Rabu, 26 April 2023 | 15:47 WIB
Hukuman Bagi Anggota TNI AU Penendang Ibu-ibu
Detasemen Pertahanan Udara atau Denhanud 471 Pasgat mendatangi kediaman Sri Dewi Kemuning, seorang wanita pengendara motor yang ditendang oleh Praka ANG pada Selasa (25/4/2023). [Ist]

Suara.com - Masyarakat Indonesia tampaknya harus mendengar lebih banyak lagi berita kekerasan atau penganiayaan yang dilakukan aparatur negara atau keluarganya. Kali ini viral seorang anggota TNI AU yang tendang ibu-ibu sehingga mesti menjalani hukuman etik. Saat ini pelaku berinisial Prajurit Kepala (Praka) ANG ini sudah ditahan di Pusat Polisi Militer (Puspom) TNI AU. 

Kisah ini viral di Twitter lantaran ANG menendang seorang perempuan bernama Sri Dewi Kemuning (21). Peristiwa terjadi di Jalan Raya Hankam RT 001, RW 001 Jatiwarna, Pondok Melati, Bekasi, Jawa Barat. Dalam keterangan resminya, 

Kepala Dinas Penerangan TNI AU Marsekal Madya Indan Gilang Buldansyah menyatakan peristiwa bermula ketika Praka ANG pulang selepas turun jaga. Saat itu ANG berkendara di belakang motor Sri Dewi.

Namun, ketika sampai di pertigaan Jalan Raya Hankam, motor Sri Dewi mengerem mendadak sehingga Praka ANG tak sengaja menabrak motor di depan tersebut. Akibatnya kedua orang ini sempat terlibat adu mulut hingga memicu tindakan penendangan oleh ANG ke bagian samping motor Sri Dewi. Walau demikian, pihak TNI dan keluarga Sri Dewi telah menyelesaikan perkara ini dengan damai dan saling memaafkan. 

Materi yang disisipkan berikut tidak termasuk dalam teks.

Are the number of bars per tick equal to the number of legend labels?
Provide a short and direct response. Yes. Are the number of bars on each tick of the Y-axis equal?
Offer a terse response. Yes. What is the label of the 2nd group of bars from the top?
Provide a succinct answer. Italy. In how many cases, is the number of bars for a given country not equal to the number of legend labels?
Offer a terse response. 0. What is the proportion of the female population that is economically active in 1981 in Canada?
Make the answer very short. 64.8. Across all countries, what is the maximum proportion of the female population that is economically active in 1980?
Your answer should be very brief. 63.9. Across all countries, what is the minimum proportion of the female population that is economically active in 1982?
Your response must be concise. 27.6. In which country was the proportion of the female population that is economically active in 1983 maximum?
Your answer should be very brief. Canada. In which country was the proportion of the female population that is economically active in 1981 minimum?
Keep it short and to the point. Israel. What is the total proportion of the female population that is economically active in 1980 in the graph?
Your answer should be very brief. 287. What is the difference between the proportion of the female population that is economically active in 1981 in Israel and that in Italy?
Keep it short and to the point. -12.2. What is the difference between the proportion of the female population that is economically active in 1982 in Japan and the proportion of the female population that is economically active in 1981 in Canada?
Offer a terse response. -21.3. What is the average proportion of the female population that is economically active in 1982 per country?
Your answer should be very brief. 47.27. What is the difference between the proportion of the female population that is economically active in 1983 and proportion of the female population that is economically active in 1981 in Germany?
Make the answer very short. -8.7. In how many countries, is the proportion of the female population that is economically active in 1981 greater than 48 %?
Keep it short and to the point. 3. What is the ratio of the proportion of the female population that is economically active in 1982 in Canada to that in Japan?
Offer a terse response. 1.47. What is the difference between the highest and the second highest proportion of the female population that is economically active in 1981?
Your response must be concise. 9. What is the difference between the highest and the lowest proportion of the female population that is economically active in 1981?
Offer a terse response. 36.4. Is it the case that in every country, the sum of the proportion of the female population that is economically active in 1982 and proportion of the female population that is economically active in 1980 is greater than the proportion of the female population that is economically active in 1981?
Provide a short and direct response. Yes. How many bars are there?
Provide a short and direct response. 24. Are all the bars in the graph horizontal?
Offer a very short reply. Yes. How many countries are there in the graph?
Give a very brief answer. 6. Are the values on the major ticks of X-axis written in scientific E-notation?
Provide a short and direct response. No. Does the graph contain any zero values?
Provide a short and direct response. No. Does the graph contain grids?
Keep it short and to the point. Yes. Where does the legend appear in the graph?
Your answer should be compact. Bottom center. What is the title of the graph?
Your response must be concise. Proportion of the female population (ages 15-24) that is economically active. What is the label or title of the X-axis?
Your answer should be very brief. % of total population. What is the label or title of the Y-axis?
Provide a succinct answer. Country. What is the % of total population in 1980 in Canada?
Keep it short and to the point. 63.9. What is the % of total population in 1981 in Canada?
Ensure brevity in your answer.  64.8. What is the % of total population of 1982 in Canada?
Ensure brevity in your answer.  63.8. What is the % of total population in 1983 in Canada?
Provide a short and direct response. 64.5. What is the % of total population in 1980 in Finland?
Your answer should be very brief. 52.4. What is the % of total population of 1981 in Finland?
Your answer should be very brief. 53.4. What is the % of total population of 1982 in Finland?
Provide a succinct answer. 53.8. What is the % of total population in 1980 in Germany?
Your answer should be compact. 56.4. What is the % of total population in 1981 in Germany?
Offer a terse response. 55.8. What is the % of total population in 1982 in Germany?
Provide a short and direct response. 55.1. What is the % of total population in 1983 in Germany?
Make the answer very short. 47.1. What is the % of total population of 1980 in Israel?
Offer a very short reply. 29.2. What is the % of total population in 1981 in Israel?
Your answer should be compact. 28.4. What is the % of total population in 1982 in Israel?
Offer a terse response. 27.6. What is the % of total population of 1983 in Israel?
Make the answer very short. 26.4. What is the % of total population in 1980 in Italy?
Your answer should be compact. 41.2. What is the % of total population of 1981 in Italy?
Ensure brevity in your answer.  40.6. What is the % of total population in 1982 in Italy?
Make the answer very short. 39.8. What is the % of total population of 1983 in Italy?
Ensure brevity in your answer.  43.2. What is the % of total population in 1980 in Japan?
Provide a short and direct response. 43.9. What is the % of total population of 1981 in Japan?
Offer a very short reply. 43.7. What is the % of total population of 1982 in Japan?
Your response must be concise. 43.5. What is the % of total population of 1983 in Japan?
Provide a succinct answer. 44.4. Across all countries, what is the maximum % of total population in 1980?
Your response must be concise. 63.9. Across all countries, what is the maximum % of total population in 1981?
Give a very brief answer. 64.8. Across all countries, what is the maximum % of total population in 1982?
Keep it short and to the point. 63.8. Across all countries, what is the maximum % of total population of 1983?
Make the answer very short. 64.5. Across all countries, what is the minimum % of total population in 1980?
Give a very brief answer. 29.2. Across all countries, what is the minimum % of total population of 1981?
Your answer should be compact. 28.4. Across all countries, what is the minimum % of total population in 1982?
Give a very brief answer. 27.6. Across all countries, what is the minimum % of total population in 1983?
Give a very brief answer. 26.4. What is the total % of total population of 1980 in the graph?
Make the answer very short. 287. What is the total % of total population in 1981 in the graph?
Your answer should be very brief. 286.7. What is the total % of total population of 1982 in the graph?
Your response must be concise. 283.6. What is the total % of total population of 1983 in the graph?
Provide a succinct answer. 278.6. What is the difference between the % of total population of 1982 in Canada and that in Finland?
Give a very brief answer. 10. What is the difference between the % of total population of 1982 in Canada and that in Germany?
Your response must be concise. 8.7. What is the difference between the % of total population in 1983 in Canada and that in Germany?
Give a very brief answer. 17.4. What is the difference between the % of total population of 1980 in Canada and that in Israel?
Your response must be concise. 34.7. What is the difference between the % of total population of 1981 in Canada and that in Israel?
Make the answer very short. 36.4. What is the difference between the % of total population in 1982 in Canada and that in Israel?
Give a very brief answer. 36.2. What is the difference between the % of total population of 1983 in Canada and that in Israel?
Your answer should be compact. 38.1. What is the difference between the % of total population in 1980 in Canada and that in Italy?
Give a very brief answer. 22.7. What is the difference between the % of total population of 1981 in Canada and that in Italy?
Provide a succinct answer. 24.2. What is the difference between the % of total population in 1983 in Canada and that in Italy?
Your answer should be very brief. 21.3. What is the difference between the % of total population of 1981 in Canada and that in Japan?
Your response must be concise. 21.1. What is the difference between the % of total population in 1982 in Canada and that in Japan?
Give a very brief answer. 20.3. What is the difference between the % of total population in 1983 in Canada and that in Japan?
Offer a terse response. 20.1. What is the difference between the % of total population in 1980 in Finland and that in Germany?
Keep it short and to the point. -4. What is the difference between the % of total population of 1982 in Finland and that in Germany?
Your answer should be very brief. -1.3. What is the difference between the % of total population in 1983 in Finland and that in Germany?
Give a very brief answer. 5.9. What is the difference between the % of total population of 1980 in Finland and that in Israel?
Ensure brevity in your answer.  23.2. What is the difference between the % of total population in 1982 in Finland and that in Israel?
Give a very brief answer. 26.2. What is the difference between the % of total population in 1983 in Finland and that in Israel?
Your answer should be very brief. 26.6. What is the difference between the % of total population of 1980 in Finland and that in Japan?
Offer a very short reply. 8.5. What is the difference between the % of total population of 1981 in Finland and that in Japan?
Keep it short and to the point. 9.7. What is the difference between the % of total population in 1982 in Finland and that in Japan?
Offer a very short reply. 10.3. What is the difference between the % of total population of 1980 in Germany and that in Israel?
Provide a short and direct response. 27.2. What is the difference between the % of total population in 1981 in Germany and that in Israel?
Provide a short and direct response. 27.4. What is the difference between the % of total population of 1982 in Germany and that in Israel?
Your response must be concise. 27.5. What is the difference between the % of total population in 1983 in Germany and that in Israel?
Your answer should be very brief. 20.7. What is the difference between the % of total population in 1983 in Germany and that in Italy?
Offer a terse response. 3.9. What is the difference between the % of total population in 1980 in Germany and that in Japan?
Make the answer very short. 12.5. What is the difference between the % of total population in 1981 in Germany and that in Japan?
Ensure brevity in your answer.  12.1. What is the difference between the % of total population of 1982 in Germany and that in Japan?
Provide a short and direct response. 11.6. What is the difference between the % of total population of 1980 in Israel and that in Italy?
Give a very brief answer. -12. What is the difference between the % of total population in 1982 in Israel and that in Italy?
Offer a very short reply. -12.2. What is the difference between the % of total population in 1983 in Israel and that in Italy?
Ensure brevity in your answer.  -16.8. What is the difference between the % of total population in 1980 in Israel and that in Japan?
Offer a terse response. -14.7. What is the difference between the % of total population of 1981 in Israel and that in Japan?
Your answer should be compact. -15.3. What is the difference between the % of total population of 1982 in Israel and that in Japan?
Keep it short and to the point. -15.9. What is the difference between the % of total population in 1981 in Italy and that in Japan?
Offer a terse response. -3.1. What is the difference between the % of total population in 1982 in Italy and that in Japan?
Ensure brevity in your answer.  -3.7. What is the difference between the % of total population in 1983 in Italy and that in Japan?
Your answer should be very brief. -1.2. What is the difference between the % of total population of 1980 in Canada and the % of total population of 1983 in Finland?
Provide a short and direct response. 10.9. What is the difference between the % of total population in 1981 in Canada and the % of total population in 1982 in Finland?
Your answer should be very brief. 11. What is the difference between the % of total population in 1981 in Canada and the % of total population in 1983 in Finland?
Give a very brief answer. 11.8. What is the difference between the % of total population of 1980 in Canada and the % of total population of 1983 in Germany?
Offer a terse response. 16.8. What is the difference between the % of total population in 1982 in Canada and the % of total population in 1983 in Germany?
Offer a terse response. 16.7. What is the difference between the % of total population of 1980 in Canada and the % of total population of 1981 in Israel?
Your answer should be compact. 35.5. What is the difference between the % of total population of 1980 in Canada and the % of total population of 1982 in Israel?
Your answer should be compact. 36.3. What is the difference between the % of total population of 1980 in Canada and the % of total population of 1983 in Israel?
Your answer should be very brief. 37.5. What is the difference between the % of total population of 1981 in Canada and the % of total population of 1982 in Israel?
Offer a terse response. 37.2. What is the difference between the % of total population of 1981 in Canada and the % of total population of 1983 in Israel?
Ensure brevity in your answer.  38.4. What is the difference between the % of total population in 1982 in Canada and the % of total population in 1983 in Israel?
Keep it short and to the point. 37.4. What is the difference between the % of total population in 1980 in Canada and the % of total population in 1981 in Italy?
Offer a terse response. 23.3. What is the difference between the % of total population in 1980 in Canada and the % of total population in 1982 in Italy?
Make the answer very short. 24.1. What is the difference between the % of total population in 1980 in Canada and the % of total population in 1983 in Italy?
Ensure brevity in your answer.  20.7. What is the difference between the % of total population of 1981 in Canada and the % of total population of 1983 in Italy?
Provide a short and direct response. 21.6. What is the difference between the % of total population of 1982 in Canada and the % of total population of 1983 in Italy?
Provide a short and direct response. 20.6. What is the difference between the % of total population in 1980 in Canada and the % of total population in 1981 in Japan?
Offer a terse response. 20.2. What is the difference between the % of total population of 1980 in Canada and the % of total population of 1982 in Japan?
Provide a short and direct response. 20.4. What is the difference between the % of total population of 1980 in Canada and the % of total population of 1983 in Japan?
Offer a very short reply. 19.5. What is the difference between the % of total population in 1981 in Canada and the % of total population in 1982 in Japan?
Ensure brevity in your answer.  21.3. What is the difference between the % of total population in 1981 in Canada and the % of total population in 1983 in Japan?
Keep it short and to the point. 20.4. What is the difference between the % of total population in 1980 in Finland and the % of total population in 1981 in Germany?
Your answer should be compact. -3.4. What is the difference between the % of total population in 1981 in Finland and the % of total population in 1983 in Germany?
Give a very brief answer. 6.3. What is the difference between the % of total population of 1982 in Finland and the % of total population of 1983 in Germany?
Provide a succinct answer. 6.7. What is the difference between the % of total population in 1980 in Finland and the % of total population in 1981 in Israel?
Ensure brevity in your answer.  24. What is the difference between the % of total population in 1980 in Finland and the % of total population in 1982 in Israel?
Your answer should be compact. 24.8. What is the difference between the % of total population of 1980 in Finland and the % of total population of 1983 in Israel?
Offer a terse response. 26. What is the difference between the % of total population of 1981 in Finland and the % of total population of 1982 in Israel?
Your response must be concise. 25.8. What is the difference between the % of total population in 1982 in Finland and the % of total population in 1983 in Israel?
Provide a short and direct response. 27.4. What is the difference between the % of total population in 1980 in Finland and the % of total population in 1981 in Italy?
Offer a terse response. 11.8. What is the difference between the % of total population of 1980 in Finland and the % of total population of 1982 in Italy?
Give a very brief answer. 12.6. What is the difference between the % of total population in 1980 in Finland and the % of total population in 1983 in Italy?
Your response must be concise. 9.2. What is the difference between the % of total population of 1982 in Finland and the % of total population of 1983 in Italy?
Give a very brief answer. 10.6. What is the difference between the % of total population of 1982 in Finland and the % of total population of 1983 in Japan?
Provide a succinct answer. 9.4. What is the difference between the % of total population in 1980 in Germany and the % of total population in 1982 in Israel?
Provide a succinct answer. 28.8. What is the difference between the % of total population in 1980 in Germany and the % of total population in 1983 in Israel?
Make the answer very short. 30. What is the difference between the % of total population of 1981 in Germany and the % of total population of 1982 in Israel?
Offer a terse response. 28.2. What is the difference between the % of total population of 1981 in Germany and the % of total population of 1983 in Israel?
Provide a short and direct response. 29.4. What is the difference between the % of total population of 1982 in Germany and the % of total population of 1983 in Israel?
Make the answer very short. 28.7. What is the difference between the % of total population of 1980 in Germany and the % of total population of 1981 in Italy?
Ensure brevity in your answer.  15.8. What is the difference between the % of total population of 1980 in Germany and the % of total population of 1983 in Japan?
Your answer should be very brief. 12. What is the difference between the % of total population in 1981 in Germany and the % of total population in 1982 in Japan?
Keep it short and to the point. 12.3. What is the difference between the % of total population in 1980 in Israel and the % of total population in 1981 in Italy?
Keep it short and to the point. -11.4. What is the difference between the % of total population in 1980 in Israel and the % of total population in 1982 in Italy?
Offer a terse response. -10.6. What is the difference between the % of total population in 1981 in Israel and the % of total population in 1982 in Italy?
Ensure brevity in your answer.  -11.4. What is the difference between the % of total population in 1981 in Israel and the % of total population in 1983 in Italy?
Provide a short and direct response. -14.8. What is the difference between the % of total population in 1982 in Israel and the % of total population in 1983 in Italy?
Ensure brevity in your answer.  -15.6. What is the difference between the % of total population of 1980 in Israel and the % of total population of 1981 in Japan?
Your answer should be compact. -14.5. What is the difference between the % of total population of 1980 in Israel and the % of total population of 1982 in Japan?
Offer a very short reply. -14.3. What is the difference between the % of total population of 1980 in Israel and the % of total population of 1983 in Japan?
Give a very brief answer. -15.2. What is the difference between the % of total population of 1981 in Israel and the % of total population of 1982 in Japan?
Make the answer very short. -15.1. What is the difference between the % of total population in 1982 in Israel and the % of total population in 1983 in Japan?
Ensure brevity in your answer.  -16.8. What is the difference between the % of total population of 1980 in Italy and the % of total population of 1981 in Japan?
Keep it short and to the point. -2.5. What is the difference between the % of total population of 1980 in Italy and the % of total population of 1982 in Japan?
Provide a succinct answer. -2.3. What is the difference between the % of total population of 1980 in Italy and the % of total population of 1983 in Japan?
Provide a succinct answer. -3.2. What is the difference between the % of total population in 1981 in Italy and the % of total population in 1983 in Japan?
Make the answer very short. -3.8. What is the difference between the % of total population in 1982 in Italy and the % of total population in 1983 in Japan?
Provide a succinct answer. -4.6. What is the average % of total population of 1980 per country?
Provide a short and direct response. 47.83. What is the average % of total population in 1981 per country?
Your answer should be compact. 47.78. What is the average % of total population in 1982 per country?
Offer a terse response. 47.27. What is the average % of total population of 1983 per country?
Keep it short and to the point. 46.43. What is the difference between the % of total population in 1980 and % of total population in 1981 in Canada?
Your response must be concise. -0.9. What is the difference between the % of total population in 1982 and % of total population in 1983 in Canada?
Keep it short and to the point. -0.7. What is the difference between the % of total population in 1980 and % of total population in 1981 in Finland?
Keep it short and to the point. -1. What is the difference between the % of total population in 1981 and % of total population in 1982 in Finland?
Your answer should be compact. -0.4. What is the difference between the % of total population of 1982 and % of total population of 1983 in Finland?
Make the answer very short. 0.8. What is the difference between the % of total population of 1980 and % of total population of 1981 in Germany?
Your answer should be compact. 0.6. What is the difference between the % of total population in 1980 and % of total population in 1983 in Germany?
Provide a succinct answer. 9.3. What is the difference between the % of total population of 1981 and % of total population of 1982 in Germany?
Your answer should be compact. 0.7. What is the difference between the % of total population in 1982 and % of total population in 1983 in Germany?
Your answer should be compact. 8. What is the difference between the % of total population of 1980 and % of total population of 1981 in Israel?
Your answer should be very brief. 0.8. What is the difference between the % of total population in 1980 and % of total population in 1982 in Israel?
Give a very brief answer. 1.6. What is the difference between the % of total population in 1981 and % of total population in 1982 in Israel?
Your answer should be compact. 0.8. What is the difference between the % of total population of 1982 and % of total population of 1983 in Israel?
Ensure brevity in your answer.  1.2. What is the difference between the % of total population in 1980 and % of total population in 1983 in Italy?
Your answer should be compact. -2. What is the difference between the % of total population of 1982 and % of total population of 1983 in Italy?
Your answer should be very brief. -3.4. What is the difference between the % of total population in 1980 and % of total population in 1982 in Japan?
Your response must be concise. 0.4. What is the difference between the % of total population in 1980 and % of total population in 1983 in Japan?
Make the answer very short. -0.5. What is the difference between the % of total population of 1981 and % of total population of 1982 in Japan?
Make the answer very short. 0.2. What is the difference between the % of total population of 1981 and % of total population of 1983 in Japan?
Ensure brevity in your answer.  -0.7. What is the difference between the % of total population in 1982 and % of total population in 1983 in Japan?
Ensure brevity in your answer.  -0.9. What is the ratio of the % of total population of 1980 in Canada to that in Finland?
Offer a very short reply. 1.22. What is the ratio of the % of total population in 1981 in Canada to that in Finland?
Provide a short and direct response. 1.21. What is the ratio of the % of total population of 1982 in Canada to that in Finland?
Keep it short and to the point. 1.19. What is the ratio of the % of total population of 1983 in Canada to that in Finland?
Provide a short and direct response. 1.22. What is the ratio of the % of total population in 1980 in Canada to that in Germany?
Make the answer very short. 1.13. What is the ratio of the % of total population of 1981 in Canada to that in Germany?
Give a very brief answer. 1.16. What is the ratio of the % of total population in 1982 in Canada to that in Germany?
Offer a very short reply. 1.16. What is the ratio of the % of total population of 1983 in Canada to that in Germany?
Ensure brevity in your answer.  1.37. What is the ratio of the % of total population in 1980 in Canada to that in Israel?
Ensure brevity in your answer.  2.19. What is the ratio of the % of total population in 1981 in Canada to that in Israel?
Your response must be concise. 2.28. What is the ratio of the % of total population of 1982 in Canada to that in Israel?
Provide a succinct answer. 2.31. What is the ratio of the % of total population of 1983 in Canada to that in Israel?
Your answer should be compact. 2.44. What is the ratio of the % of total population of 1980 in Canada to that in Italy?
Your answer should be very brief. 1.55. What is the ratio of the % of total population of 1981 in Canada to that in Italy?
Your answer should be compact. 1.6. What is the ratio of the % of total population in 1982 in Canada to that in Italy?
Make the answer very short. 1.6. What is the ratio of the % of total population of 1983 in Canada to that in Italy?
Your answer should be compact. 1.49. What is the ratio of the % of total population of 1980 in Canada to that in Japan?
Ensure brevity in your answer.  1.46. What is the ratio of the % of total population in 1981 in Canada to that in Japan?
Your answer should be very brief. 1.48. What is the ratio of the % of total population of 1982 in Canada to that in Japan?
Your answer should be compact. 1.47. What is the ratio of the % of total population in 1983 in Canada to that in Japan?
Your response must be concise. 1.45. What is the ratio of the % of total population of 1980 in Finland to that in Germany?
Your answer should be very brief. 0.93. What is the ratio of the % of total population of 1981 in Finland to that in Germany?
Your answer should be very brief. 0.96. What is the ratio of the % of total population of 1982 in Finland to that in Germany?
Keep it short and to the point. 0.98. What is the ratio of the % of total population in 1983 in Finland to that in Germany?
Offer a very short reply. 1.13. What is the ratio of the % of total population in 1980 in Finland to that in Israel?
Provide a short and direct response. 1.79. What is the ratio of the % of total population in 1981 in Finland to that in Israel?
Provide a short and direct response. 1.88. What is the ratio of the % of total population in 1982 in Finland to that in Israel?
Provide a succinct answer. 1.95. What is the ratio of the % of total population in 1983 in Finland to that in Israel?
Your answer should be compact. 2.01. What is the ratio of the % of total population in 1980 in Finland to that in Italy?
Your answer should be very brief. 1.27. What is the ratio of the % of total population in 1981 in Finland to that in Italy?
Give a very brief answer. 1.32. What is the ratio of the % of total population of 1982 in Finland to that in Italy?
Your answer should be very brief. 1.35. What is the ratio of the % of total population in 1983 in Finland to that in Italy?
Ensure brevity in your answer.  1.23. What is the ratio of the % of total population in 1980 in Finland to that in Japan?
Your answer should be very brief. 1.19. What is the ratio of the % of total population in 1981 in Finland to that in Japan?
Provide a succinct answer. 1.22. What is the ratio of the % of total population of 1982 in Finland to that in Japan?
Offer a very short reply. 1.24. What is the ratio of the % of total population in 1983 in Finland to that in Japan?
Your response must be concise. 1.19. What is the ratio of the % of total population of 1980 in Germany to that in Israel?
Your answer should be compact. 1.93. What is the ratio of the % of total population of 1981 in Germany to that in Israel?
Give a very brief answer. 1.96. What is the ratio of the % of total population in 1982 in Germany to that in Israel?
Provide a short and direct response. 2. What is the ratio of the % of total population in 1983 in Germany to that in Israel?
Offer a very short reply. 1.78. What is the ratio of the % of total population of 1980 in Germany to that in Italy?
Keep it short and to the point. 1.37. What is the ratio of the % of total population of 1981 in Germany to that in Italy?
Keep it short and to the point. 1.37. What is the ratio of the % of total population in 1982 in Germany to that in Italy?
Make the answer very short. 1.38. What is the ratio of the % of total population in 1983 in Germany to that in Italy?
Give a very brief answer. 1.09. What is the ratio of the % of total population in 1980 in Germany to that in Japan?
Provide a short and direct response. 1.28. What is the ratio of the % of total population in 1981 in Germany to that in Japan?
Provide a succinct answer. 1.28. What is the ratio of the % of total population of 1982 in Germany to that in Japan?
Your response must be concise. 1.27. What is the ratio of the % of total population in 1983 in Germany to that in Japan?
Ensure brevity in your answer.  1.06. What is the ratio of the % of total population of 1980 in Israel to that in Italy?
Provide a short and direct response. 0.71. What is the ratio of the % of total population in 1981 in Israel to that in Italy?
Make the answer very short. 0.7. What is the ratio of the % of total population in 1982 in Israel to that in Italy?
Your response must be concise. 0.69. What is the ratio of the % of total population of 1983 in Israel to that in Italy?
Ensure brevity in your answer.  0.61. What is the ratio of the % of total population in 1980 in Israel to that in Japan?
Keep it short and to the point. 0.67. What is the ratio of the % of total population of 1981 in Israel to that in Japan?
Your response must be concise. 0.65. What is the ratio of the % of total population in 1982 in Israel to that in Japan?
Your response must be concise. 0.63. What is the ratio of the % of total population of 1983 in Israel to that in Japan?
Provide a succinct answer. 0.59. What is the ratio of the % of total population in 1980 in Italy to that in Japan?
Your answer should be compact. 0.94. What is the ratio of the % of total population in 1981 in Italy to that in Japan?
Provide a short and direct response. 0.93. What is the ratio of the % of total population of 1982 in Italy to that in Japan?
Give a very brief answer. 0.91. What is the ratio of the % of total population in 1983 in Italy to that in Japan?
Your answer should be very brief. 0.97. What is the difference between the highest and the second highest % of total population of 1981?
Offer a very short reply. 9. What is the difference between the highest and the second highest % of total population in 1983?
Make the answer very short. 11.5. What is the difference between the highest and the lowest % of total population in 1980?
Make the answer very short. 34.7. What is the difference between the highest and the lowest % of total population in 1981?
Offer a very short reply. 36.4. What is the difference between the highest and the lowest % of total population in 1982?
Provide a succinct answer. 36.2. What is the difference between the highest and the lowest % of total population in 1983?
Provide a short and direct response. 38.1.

Komandan Denhanud 471 Pasgat, Letkol Pas Bagus Ajar Pamungkas, disebut sudah mendatangi rumah Sri Dewi Kemuning di Pondok Ranggon untuk menyampaikan permohonan maaf. 

Hukuman Disiplin TNI

Hukuman disiplin TNI selama ini diatur dalam UU Nomor 25 Tahun 2014 tentang Hukum Disiplin Militer. Dalam aturan tersebut dijelaskan Pelanggaran Hukum Disiplin Militer adalah segala perbuatan dan/atau tindakan yang dilakukan oleh Militer yang melanggar hukum dan/atau peraturan Disiplin Militer dan/atau melakukan perbuatan yang bertentangan dengan sendi-sendi kehidupan Militer yang berdasarkan Sapta Marga dan Sumpah Prajurit.

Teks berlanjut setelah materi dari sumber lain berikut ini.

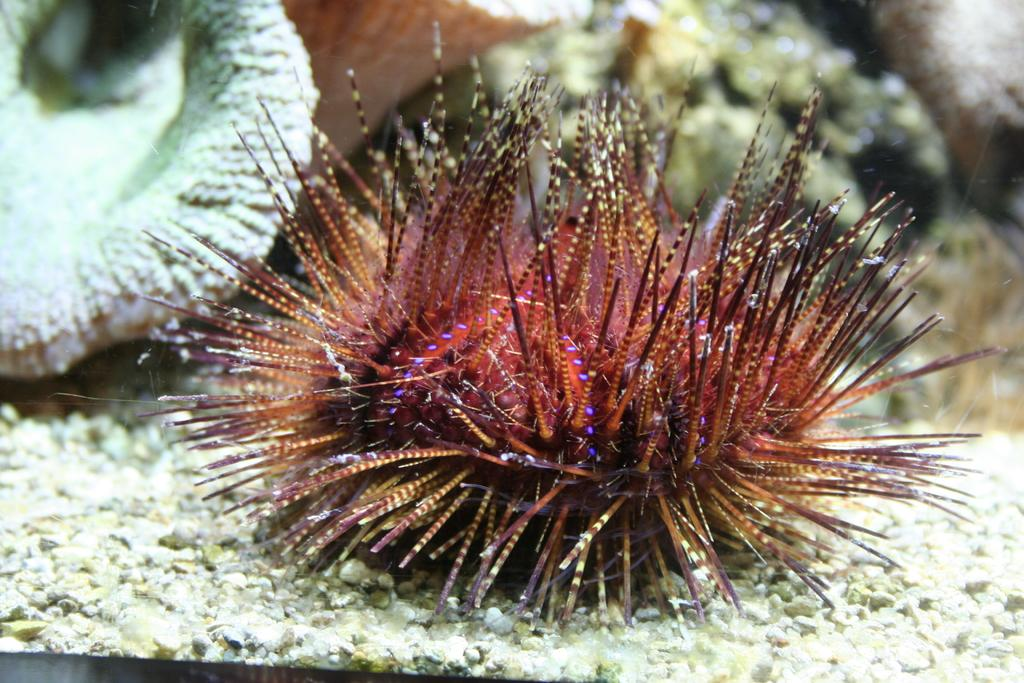What subject matter is the image related to? The image is related to marine biology. What type of cloth is being sold in the marine biology shop in the image? There is no shop or cloth present in the image, as it is related to marine biology and not a retail environment.

Jenis pelanggaran hukum disiplin militer diatur dalam ketentuan Pasal 8 Undang-Undang Nomor 25 Tahun 2014 tentang Hukum Disiplin Militer. Adapun jenis pelanggaran tersebut terdiri atas:

1. Segala perbuatan yang bertentangan dengan perintah kedinasan, peraturan kedinasan, atau perbuatan yang tidak sesuai dengan Tata Tertib Militer.

baca juga

2. Perbuatan yang melanggar peraturan perundang-undangan pidana yang sedemikian ringan sifatnya. Perbuatan ini meliputi:

a. Segala bentuk tindak pidana yang digolongkan dalam peraturan perundang-undangan terkait dengan ancaman pidana penjara paling lama 3 (tiga) bulan atau kurungan paling lama 6 (enam) bulan.

b. Perkara sederhana dan mudah pembuktiannya.

c. Tindak pidana yang terjadi tidak mengakibatkan terganggunya kepentingan militer dan/atau kepentingan umum.

d. Tindak pidana karena ketidakhadiran tanpa izin dalam waktu damai paling lama 4 (empat) hari.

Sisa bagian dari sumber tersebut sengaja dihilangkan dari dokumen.